Distribution of weighted sum of Bernoulli RVs

4.7k Views Asked by At

Let $x_1,...,x_m$ be drawn from independent Bernoulli distributions with parameters $p_1,...,p_m$.

I'm interested in distribution of $t=\sum_i a_ix_i,~a_i\in \mathbb{R}$

$m$ is not large so I can not use central limit theorems.

I have the following questions:

1- What is the distribution of $s=\sum_i x_i$?

2- What is the distribution of $t=\sum_i a_ix_i$ or $t=\sum_i a_ix_i-\sum_i a_i$ (to ensure non-negative support) for known $a_i$'s? can I approximate its distribution with a Gamma distribution? If yes, what would be the parameters (as a function of $p_i$'s and $a_i$'s)?

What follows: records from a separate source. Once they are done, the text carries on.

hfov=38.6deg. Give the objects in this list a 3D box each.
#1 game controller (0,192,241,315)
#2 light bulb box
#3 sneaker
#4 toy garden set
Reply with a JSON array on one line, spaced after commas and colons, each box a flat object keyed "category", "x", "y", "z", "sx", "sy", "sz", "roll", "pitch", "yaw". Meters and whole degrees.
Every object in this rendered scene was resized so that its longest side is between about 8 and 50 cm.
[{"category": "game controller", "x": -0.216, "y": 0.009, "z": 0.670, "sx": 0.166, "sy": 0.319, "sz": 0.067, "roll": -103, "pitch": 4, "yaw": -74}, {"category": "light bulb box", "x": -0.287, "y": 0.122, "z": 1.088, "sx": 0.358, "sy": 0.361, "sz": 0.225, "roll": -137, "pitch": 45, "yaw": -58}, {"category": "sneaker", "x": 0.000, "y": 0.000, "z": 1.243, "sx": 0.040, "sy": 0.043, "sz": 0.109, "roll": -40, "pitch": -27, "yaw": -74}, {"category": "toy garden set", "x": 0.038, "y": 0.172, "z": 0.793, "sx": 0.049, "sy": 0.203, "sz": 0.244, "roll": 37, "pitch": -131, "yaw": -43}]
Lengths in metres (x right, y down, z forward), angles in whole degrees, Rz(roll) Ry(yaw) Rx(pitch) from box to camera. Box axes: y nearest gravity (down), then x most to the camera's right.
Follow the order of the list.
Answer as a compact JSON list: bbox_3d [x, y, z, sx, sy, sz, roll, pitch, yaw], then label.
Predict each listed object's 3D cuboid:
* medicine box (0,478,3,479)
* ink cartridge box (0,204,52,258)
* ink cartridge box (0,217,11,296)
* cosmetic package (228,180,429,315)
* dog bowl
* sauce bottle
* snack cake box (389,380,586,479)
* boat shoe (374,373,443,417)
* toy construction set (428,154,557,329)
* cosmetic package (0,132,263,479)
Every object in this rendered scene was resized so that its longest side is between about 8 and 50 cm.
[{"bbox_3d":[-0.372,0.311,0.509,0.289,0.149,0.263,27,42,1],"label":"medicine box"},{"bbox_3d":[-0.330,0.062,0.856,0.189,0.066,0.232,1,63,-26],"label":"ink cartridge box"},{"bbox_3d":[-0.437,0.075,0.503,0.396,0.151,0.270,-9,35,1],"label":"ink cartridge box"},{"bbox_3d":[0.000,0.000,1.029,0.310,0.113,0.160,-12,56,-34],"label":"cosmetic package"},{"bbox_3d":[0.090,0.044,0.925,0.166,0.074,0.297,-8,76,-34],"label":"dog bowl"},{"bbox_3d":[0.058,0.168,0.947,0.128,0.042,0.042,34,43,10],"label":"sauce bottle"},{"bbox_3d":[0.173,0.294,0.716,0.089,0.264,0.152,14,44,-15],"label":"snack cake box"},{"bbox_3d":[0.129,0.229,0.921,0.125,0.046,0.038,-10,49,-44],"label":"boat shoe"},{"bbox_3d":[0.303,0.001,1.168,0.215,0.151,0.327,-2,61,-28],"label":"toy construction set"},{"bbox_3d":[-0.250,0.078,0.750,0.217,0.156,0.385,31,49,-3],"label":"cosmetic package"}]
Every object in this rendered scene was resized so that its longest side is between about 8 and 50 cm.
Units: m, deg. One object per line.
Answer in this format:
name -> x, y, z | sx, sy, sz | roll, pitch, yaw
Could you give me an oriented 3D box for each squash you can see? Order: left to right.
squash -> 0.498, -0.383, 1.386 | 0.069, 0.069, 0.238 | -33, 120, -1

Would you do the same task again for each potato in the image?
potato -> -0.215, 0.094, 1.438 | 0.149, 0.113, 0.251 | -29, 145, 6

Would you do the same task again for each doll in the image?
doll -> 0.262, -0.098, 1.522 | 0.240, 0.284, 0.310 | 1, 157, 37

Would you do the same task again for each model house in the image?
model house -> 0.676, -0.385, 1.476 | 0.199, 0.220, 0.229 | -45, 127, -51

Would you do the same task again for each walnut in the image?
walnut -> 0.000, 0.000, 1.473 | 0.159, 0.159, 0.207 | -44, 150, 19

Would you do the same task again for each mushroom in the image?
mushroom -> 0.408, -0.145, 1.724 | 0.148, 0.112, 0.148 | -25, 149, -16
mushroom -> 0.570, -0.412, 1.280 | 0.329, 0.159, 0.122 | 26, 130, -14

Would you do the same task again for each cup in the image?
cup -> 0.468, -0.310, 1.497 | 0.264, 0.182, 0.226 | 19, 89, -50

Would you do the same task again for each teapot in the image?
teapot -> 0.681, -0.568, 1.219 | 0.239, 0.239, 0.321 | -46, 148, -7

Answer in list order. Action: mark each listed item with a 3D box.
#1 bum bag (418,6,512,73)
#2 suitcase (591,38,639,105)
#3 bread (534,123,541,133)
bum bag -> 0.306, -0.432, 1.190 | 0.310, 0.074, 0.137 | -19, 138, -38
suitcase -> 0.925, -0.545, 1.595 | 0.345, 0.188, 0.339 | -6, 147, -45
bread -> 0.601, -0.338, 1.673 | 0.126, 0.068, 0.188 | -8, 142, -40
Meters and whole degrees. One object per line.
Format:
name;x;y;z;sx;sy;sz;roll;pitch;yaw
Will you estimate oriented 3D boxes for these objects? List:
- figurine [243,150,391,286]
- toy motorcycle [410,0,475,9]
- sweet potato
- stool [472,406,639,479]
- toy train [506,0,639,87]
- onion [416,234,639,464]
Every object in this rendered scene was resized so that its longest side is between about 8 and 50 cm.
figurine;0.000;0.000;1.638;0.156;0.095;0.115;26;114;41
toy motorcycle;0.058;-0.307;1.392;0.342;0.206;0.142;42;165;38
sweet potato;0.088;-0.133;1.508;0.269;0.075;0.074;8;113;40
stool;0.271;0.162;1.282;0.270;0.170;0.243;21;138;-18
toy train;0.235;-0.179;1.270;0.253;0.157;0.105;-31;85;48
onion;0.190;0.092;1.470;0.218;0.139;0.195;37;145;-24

3- Is there a truncated Gamma distribution (or any other distribution (except normal)) that can approximately fits my problem?

However, $m$ is not very large, but it is still very large such that I can not calculate the distribution by convolution.

Thanks a bunch!

1

There are 1 best solutions below

3
On BEST ANSWER

I did some search and this is what I have found:

  • Bounds for tail probabilities of a weighted sum of Bernoulli trials
    This seminal paper of Raghavan in 1988: "Probabilistic Construction of Deterministic Algorithms: Approximating packing integer programs". In section 1.1 he derives some bounds, which seems to be important as part of an stochastic optimization technique called randomized rounding.
  • Learning the distribution of a weigthed sum of Bernoulli trials
    In this paper published this year by Daskalis et al.: "Learning Poisson Binomial Distributions". In theorem 2 they states that it's possible to construct an algorithm that learns the desired distribution in polynomial time.
  • Code to compute the distribution of a weigthed sum of Bernoulli trials
    This post in researchgate.net of Dayan Adoniel also asked the same and it seems that Dayan developed a code to compute the desired distribution and that he is willing to share it.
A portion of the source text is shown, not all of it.